Broze, a 38-year-old independent journalist and activist, started campaigning for City Hall’s top job at the beginning of 2023. In June, the city denied his application to get on the ballot after he self-reported a previous felony record.
In the complaint filed Monday, Broze contended the Texas Election Code’s eligibility rules against all candidates with unresolved felony records are too restrictive. In contrast, he said, the state constitution only excludes individuals convicted of “high crimes” such as bribery, perjury and forgery from holding office.
Broze was convicted of felony drug possession in 2005 when he was 20 years old. A judge gave him two years of probation at the time. He violated parole and was then sentenced to two years in prison.
He was struggling with drug addiction and depression during those years, Broze said, but he has since rebuilt his life and focused on community activism around civil liberties, environmental protection, homelessness and other causes.
His non-violent drug conviction, Broze argued, does not fit the criteria of a “high crime.” The denial of his ballot application stands as a demoralizing reminder that, even after nearly two decades, he still cannot fully participate in society, he said.
“I did my time, paid my debt to society,” Broze told the Chronicle. “Being blocked from the ballot because of having a felony in Texas is just another barrier to entry that felons like myself have to face.”
The state election code specifies that candidates must not have been “finally convicted of a felony” unless they have been pardoned or “released from resulting disabilities.”

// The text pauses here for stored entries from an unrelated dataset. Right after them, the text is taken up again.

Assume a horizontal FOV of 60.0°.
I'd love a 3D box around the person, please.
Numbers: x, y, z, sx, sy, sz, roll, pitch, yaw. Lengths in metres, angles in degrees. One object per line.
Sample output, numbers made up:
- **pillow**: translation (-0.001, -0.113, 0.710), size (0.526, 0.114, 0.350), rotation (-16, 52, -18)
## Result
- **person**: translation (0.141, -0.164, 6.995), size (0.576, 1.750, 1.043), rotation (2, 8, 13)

Past candidates have argued that completing probation equates to being released from such disabilities. But an opinion from Attorney General Ken Paxton’s office asserts that such a candidate would need a pardon, judicial clemency or a writ of habeas corpus invalidating the conviction.

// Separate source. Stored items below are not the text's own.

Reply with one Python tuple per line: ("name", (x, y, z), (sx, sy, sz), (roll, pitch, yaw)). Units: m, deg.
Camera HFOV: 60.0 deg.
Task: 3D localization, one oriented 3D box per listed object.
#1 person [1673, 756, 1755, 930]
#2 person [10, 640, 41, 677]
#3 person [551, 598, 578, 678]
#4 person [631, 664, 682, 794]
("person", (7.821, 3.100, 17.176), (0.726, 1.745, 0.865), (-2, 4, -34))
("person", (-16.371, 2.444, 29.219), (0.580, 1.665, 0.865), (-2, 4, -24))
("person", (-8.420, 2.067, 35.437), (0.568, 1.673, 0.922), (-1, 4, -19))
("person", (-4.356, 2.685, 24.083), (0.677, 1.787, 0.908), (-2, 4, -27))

Gerald Birnberg, a constitutional law attorney and ex-chair of the Harris County Democratic Party, said Broze’s case could have far-reaching legal impacts since many points in his lawsuit have not been fully litigated in court.
He agreed with Broze’s argument that his drug conviction should not count as a “high crime” since it does not involve dishonesty, unlike other listed offenses. However, this does not necessarily mean the state constitution prohibits additional laws that extend beyond its specified crimes, Birnberg said.

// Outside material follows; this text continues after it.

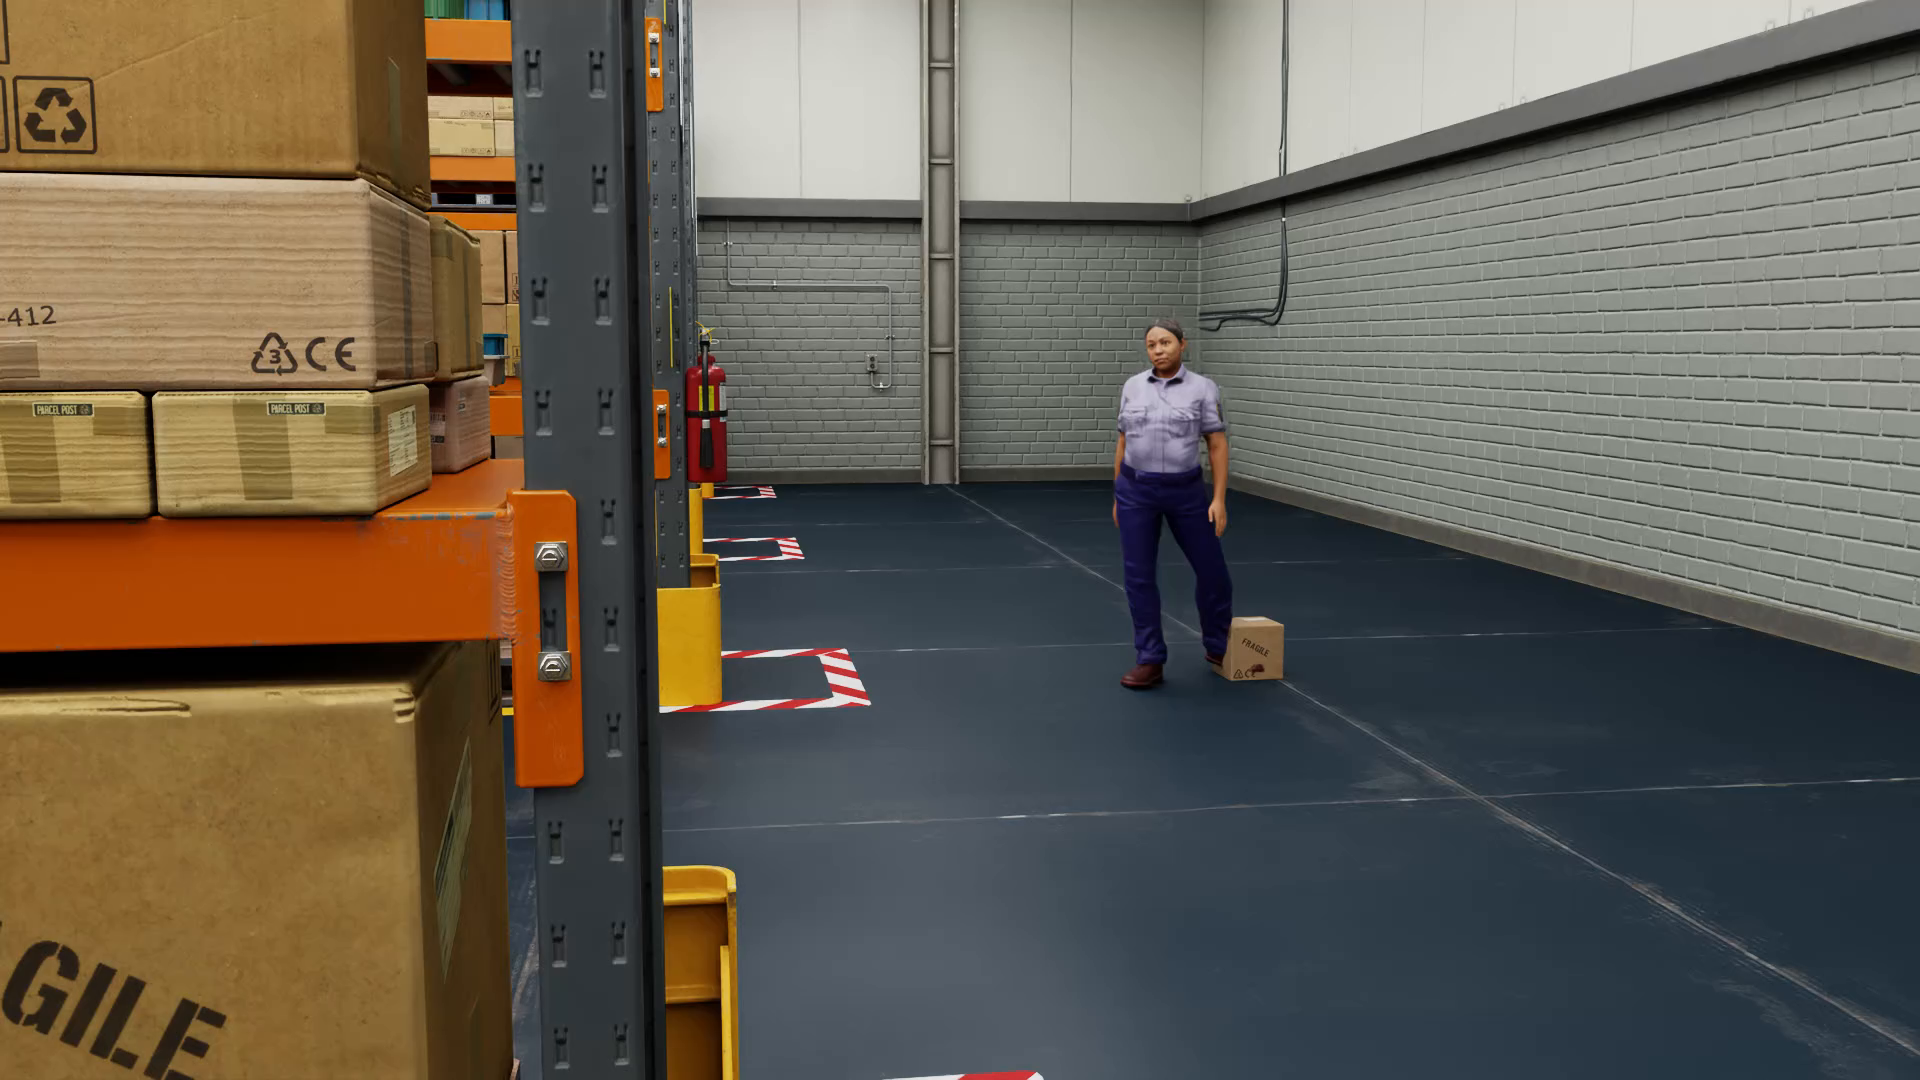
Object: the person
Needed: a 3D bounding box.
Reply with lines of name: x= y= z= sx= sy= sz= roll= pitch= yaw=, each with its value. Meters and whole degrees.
person: x=1.025 y=-0.176 z=7.430 sx=0.692 sy=1.635 sz=0.513 roll=2 pitch=7 yaw=14

“At least we could add some clarity to the Texas Election Code,” Birnberg said. “I also believe that we would be well served to have people who have been through that experience as an elected office. That perspective can teach us what it takes to rehabilitate people.”
As the story notes, Broze was able to run for Mayor in 2019 because he filled out that form differently. Broze wrote an op-ed advocating his position after being denied a spot on the ballot this year, after changing how he filled out that form. He cites the case of Cynthia Bailey, in which there was never a decision on the merits of the law, while the story references perennial candidate Brad Batteau, who fills his form out as Broze did in 2019. The takeaway from all this is that the law, and the opinion on the law by Ken Paxton, is unclear. I’m very much on the side of restoring voting rights for felons who have completed their sentences, and that includes eligibility for office. I don’t know what the likelihood of success is here, but I’m rooting for Mr. Broze.